Compounding this issue is the lack of ground truth data for training and validating AI-based underwater perception models. In most cases, it is extremely difficult to obtain accurate reference measurements for depth and localisation in real subsea conditions. As a result, models are either trained on simulated data or repurposed from terrestrial datasets, both of which fail to fully represent underwater complexity.

To address this, the team are building structured datasets under controlled lighting and variable object conditions, allowing us to systematically study degradation patterns across RGB channels and evaluate their impact on perception algorithms. This forms the foundation for more robust and reliable underwater autonomy.

Benefits to Industry

As industries across the marine sector continue to adopt automation, the reliability of underwater perception systems becomes a key factor in the success of autonomous operations. From offshore energy and subsea inspections to aquaculture, marine research and environmental monitoring, there is a growing demand for underwater systems that can function with minimal human intervention. However, this shift depends on whether machines can perceive and interpret their environment accurately in the challenging conditions beneath the surface.

The research undertaken at the National Subsea Centre (NSC) directly addresses this challenge by focusing on how underwater image degradation impacts machine perception, specifically in-depth estimation and VSLAM. By identifying the limits of current vision-based systems and understanding how image quality affects performance, we are helping to develop perception models that are more adaptive, robust, and reliable in real-world subsea environments.

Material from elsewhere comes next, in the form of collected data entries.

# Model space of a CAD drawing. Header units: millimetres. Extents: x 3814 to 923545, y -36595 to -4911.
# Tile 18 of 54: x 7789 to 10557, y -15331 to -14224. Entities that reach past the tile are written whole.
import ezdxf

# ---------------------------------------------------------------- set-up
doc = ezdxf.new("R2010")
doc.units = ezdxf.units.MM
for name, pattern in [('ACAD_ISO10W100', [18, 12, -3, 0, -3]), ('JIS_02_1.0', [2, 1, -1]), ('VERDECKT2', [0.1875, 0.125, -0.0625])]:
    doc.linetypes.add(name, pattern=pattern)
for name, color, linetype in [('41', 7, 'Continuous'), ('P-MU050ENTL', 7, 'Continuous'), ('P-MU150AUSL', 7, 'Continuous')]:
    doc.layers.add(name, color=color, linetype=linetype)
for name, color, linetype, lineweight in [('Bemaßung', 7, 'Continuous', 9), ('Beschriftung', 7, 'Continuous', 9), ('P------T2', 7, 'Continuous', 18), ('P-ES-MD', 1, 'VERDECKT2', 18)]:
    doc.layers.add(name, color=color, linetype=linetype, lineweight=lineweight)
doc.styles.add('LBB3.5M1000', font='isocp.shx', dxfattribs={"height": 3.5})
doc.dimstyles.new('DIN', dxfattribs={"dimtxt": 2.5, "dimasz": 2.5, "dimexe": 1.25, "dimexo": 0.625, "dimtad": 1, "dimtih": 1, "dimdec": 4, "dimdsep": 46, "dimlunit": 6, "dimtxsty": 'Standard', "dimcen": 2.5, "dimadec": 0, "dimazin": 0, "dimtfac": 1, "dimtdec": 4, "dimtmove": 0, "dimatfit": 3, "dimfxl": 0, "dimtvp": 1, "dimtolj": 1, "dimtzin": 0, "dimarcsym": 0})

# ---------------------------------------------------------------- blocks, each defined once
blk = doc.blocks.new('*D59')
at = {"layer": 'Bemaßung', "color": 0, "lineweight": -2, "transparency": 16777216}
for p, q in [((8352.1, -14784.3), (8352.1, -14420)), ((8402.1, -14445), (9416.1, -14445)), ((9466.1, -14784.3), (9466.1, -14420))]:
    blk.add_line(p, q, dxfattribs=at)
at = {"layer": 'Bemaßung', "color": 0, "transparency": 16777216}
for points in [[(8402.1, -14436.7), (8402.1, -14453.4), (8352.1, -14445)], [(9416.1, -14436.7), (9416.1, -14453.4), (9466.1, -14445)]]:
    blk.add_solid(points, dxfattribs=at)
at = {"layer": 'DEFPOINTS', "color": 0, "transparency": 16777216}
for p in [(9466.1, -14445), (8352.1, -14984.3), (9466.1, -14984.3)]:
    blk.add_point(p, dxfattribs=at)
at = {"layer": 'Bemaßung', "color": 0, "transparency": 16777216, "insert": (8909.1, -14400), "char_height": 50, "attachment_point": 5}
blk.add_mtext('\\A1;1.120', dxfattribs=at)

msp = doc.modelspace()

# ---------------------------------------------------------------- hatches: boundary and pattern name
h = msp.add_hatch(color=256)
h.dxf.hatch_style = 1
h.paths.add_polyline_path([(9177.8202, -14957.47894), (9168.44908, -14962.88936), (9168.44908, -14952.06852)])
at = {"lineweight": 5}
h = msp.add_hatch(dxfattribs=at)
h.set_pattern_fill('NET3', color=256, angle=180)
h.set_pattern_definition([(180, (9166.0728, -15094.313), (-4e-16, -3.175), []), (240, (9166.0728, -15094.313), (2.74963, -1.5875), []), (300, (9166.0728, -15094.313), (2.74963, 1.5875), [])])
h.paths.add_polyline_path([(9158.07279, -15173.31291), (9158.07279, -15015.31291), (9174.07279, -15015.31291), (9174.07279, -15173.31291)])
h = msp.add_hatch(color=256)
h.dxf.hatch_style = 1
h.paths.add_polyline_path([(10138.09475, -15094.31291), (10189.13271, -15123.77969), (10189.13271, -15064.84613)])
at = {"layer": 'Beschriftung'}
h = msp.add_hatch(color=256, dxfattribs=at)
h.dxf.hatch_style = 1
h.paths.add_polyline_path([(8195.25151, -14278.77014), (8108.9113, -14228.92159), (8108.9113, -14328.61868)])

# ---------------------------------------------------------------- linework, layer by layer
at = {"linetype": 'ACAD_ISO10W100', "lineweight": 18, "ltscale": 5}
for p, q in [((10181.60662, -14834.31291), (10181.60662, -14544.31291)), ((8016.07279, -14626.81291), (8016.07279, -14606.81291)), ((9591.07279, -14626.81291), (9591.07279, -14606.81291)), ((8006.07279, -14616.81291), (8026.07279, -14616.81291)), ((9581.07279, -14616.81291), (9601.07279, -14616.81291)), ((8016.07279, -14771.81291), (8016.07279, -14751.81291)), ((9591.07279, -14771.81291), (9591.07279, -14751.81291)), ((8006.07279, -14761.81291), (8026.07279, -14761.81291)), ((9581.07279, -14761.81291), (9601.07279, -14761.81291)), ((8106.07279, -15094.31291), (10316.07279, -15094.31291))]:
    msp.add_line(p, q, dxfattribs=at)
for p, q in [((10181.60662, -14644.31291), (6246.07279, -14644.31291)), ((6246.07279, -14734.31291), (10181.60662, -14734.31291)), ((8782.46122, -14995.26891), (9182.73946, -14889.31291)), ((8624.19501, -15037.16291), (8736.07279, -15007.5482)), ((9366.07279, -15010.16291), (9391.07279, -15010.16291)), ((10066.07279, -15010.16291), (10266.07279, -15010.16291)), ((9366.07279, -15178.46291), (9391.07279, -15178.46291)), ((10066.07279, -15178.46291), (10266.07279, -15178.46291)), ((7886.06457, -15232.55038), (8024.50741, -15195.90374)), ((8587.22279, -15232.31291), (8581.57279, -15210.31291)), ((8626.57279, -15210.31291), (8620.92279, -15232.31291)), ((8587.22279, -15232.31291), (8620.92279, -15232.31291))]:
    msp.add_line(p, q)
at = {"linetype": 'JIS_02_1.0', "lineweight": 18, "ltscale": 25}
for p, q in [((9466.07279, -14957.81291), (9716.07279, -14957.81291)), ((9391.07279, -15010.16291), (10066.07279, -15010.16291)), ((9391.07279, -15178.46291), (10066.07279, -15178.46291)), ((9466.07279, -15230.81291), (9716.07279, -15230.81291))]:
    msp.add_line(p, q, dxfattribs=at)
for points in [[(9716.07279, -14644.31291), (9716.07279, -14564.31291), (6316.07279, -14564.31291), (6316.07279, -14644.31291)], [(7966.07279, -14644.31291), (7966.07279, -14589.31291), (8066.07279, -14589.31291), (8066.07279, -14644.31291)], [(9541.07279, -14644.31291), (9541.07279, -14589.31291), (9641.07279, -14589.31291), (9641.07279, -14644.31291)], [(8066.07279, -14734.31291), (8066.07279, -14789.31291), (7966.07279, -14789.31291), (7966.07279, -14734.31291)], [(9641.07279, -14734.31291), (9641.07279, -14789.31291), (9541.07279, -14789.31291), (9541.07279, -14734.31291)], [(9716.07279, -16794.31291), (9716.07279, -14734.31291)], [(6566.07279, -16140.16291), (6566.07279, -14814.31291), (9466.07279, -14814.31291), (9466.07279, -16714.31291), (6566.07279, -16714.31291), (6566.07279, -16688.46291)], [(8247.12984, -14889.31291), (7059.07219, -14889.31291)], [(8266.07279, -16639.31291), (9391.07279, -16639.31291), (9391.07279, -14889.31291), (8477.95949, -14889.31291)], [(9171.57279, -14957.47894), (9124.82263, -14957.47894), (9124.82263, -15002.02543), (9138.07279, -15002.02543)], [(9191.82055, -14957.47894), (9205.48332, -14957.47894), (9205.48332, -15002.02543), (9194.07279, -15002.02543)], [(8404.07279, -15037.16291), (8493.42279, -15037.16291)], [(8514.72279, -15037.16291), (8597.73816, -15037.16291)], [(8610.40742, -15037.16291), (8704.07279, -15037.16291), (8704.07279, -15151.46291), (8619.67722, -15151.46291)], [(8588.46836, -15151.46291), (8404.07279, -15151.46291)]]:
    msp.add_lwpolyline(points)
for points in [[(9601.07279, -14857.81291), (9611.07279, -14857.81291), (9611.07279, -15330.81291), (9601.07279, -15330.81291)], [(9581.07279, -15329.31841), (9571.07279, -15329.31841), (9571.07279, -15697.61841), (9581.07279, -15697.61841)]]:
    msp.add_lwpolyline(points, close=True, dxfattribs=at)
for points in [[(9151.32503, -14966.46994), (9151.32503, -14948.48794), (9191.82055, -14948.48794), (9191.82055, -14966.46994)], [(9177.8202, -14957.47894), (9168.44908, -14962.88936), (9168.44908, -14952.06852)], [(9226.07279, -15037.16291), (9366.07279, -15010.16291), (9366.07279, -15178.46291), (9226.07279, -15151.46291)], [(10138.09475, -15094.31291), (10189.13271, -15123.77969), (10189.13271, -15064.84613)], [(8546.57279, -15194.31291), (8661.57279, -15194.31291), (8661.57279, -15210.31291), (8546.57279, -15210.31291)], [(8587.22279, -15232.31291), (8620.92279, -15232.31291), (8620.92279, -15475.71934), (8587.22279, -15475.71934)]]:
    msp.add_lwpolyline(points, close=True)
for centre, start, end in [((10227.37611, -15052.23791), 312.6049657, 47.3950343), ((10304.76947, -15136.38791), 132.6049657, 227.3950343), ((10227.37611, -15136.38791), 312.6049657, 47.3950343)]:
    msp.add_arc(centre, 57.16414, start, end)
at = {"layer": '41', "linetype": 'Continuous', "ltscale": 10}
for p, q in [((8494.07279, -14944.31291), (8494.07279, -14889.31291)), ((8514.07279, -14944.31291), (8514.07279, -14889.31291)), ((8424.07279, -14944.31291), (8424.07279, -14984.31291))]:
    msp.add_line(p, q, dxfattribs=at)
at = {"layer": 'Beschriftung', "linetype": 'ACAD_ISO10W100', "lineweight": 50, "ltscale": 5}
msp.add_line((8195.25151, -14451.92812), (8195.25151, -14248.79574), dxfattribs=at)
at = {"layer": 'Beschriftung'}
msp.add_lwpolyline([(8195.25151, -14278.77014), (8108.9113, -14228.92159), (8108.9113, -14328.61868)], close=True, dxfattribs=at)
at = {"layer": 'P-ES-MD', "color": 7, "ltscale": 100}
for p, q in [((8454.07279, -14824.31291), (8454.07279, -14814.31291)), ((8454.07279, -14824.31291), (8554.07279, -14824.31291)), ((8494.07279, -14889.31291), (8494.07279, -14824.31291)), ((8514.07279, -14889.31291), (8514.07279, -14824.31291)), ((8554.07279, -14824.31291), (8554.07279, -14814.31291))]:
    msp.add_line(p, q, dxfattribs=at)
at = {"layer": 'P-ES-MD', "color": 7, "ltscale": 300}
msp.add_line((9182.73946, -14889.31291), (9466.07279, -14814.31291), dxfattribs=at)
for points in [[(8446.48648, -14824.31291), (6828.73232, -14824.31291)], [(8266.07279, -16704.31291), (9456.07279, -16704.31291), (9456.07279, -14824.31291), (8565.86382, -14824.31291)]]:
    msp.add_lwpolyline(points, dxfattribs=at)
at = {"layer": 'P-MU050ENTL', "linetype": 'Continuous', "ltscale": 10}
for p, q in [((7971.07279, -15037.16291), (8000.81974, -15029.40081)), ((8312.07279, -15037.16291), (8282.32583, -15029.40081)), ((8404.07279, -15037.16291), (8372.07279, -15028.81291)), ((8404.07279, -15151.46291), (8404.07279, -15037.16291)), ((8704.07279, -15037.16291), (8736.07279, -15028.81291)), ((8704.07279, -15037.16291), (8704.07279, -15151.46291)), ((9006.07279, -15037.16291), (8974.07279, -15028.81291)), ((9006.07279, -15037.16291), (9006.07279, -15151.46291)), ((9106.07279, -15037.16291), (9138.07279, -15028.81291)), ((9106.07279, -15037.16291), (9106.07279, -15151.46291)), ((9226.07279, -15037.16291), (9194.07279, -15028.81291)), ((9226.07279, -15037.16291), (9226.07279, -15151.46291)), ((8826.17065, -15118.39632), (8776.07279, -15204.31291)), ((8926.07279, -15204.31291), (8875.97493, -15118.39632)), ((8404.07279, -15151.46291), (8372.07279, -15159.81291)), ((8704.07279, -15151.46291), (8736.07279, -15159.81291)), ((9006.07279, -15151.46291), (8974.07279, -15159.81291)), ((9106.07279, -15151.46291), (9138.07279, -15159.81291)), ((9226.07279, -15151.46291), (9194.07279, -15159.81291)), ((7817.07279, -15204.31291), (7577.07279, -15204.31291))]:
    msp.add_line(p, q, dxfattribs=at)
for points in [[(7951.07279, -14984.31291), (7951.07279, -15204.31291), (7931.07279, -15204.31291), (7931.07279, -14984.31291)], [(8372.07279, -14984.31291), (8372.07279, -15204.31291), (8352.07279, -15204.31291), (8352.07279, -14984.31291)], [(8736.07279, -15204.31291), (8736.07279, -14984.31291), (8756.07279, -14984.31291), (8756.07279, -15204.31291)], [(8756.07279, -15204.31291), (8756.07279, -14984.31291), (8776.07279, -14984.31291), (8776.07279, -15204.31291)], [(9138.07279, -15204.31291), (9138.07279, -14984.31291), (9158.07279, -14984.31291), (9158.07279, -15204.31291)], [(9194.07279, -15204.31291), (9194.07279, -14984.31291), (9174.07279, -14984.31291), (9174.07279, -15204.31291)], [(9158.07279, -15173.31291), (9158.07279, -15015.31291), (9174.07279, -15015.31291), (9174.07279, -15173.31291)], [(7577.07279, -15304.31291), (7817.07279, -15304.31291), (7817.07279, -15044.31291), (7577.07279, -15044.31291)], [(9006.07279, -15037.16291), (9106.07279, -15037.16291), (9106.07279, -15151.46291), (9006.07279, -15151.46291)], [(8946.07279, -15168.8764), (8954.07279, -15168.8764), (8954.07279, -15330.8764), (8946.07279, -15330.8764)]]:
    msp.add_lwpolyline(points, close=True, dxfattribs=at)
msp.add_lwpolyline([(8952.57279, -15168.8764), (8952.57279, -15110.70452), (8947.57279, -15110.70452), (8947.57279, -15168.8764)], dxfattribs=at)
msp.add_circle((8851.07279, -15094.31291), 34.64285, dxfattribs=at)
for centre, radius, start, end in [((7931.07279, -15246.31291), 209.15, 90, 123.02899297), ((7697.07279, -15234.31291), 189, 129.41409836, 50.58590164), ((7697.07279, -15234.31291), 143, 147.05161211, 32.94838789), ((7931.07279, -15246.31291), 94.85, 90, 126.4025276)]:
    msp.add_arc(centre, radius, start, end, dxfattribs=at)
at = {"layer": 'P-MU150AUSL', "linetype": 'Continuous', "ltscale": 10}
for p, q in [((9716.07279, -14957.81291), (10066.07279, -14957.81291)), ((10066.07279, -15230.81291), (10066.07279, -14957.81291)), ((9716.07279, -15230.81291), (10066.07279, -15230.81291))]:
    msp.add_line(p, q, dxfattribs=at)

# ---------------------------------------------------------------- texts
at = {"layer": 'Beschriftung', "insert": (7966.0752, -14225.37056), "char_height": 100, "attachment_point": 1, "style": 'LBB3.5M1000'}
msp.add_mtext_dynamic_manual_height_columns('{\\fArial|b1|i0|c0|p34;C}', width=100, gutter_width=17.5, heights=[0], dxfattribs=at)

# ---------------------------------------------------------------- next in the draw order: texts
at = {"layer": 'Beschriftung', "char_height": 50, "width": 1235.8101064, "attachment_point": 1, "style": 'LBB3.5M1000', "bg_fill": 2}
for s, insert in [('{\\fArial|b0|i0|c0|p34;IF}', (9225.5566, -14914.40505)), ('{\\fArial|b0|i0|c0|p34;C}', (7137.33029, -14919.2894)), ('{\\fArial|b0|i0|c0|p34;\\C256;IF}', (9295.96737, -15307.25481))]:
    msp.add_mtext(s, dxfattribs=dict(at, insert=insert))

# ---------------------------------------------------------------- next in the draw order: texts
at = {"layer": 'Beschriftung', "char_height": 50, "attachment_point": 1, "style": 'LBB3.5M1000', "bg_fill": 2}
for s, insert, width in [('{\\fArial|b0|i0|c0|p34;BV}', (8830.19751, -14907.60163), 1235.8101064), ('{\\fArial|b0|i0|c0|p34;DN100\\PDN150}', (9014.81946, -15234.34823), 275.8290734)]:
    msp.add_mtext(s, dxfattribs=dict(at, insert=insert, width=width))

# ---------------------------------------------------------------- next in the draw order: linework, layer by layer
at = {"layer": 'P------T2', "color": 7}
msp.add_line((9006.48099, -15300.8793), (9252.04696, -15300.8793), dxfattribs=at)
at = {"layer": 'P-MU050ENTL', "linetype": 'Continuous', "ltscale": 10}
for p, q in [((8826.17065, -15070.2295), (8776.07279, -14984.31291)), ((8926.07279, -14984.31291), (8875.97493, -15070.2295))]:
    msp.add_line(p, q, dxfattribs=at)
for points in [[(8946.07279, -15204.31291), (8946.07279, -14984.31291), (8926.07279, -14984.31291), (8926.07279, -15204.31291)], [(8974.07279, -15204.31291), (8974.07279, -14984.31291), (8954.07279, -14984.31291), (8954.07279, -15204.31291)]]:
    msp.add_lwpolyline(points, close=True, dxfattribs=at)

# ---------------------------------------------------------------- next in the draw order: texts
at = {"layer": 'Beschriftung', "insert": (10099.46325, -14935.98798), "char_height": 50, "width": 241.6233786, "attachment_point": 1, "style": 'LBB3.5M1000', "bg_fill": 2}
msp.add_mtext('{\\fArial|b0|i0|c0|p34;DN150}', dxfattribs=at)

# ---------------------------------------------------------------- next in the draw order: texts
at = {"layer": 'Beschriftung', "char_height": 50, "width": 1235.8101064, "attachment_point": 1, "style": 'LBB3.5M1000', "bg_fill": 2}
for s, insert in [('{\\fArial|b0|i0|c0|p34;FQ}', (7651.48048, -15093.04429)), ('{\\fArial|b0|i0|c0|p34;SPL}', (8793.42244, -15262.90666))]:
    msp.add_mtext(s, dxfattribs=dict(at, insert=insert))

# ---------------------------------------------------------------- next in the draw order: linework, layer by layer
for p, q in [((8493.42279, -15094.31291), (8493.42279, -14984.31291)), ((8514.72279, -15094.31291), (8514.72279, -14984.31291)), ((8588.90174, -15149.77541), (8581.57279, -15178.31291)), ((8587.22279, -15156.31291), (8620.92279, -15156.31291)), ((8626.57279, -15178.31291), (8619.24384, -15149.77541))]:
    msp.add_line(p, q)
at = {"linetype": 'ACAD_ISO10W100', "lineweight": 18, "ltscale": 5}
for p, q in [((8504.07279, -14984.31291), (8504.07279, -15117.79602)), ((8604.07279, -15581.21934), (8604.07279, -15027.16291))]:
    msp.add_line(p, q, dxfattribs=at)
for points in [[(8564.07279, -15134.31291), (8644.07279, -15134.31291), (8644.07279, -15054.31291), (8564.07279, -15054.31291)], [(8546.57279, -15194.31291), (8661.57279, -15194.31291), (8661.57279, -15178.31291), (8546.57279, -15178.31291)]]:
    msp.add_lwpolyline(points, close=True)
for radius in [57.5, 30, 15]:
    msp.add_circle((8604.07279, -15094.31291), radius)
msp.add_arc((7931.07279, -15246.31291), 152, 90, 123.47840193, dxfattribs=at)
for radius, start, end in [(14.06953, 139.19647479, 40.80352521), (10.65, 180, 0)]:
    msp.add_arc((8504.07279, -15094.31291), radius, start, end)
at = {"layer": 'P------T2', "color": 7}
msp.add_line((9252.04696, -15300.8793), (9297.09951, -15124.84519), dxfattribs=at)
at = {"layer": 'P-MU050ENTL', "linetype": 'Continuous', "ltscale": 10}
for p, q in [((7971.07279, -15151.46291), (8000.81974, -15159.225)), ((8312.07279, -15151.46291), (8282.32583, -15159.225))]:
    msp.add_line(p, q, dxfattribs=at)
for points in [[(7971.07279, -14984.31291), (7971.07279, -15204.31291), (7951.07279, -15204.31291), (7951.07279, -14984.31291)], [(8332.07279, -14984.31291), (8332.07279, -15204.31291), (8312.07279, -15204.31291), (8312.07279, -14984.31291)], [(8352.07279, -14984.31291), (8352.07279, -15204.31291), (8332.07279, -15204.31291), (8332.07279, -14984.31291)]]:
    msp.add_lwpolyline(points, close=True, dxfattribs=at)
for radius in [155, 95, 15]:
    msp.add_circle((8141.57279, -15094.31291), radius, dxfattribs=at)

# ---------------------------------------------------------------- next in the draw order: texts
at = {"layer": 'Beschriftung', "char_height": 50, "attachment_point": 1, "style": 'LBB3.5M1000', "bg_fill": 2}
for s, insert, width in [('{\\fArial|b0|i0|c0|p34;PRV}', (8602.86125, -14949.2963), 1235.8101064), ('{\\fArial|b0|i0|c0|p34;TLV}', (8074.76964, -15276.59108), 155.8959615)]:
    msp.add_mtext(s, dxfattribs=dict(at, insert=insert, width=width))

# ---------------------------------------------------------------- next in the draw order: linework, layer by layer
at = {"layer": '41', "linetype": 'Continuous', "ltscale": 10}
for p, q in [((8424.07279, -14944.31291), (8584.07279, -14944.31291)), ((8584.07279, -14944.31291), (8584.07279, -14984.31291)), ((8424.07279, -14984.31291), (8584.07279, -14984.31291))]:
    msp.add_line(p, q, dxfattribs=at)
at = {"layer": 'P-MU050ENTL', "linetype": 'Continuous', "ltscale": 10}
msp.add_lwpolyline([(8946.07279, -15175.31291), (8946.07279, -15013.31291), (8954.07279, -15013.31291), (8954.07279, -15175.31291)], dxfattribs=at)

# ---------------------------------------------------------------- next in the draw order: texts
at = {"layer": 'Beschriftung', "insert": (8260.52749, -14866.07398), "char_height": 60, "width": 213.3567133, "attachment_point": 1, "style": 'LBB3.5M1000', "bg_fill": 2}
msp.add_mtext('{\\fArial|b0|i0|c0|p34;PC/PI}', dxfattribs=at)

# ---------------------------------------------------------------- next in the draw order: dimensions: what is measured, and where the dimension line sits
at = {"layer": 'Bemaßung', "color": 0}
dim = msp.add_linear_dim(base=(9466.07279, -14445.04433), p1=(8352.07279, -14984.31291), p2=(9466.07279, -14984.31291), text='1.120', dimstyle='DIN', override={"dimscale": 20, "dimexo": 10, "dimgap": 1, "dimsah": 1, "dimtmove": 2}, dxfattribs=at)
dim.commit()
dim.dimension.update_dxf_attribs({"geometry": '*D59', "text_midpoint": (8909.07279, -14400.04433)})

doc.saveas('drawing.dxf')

For industry, this has several clear benefits. Improved perception enables greater autonomy in underwater vehicles, which can reduce the need for costly support vessels and personnel, increase inspection frequency, and expand operational windows in difficult conditions. It also enhances data quality and mission reliability, lowering the risk of failed deployments due to perception failures.

Moreover, the team’s work supports customised enhancement strategies, allowing industry stakeholders to tailor visual processing pipelines depending on whether the end goal is human analysis or machine interpretation. This distinction can improve both real-time decision-making and post-mission data review, offering more value from each deployment and driving forward the next generation of intelligent subsea technologies.

Impact

The long-term impact of our research lies in creating reliable, intelligent underwater systems that can operate autonomously across diverse real-world marine environments. By focusing on the fundamentals of visual perception, we aim to remove one of the major barriers preventing the broader deployment of autonomous underwater vehicles (AUVs): the inability of current systems to consistently interpret degraded visual data.

One of the core outputs of this work is the development of a structured, multi-condition underwater dataset, captured under varying turbidity levels, lighting conditions and distances. What sets this dataset apart is its dual focus: it is not only designed to simulate realistic underwater scenarios but also to include fine-grained annotations and reference data for evaluation. This will enable researchers and industry partners to train, benchmark, and validate AI models in ways that were previously not possible.

In parallel, the team are generating insights into how specific types of visual degradation—such as channel-level distortion, contrast loss or feature suppression—affect machine performance. These findings are helping shape machine-specific enhancement techniques that improve the performance of vision-based systems, as opposed to traditional enhancements tailored for human viewing.

Looking ahead, the project opens opportunities for collaborative development with sensor manufacturers, AUV developers, and offshore service providers who are seeking to improve the perception and autonomy capabilities of their platforms. By bridging the gap between machine vision and real-world underwater environments, our work contributes to a more resilient, cost-effective and intelligent future for subsea robotics.